The group wants to see 20% women in non-traditional roles by 2020, and to foster a greater appreciation of diversity, something Frater continues to work towards. 
Also scoring an AM is Tasmania's Liz Swain, a metallurgist who was recognised for her almost 45 years of pioneering service as a woman in a field that is still dominated by men, for her position as a role model for female engineers, and for services to the community of Tasmania
She worked for Rio Tinto at the Bell Bay smelter for some 43 years, having applied for a job that asked for "'young men interested in careers in engineering" in 1969. She retired in 2012.

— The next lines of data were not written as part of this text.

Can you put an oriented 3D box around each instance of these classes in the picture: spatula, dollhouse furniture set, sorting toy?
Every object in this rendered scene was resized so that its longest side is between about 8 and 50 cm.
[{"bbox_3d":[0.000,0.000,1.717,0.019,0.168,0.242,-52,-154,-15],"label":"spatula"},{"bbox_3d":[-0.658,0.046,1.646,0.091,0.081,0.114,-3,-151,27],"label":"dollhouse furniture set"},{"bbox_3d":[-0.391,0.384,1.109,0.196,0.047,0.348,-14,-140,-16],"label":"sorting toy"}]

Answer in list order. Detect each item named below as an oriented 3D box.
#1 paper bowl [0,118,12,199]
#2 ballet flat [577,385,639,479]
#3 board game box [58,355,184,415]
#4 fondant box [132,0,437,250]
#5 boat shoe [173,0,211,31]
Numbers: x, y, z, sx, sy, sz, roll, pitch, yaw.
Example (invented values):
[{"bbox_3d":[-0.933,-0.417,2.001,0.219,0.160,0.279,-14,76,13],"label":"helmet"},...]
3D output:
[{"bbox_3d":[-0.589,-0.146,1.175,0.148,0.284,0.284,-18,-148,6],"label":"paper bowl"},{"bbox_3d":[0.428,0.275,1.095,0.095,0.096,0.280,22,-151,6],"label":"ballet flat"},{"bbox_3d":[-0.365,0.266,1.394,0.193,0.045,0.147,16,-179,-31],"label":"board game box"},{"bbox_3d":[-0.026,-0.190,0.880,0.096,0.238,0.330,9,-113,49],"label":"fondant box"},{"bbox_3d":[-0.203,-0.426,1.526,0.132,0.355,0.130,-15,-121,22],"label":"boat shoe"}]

She has mentored many female graduates over the years, who she has encouraged to pursue opportunities not available in previous generations.
Minerals Council of Australian interim CEO David Byers said the awards "acknowledge(d) the great contribution being made by women working in Australia's world-class mining industry and the inspiration they provide to others".
He congratulated the winners on their achievements. 
Women made up just over a third of all nominations for this year's Queen's birthday honours. Nominations of women are 72% higher than five years ago. 
Of the 778 awards and appointments in the AO general division, fewer than half - 289 - were women.
Representing the men were Pacific Road Capital founder Paul Espie and Professor Geoffrey Phillips.
Sydney-based Espie was recognised with an AO for his distinguished service to the mining and infrastructure sectors through financial advisory roles, to public policy development and reform, and to not-for-profit organisations. 
Born into the third generation of a mining dynasty as the son of mining engineer and grandson of a South Australian copper mine manager, Espie founded Pacific Road was in 1986.
He was chairman of Cobar Mines following a management buy-out of the Cobar copper mine from Rio Tinto Group in 1993 and later chairman of Oxiana during the acquisition and development of the Sepon copper/gold deposit in Laos. He was also 
Professor Phillips was awarded his OAM for service to rogaining, minerals exploration and education.
An honorary professor at the School of Earth Sciences, University of Melbourne, Phillips has focused on gold geology for decades. Now a consultant, he was previously Chief of Division, CSIRO Exploration and Mining, general manager geology at Great Central Mines and a director at the National Key Centre in Economic Geology.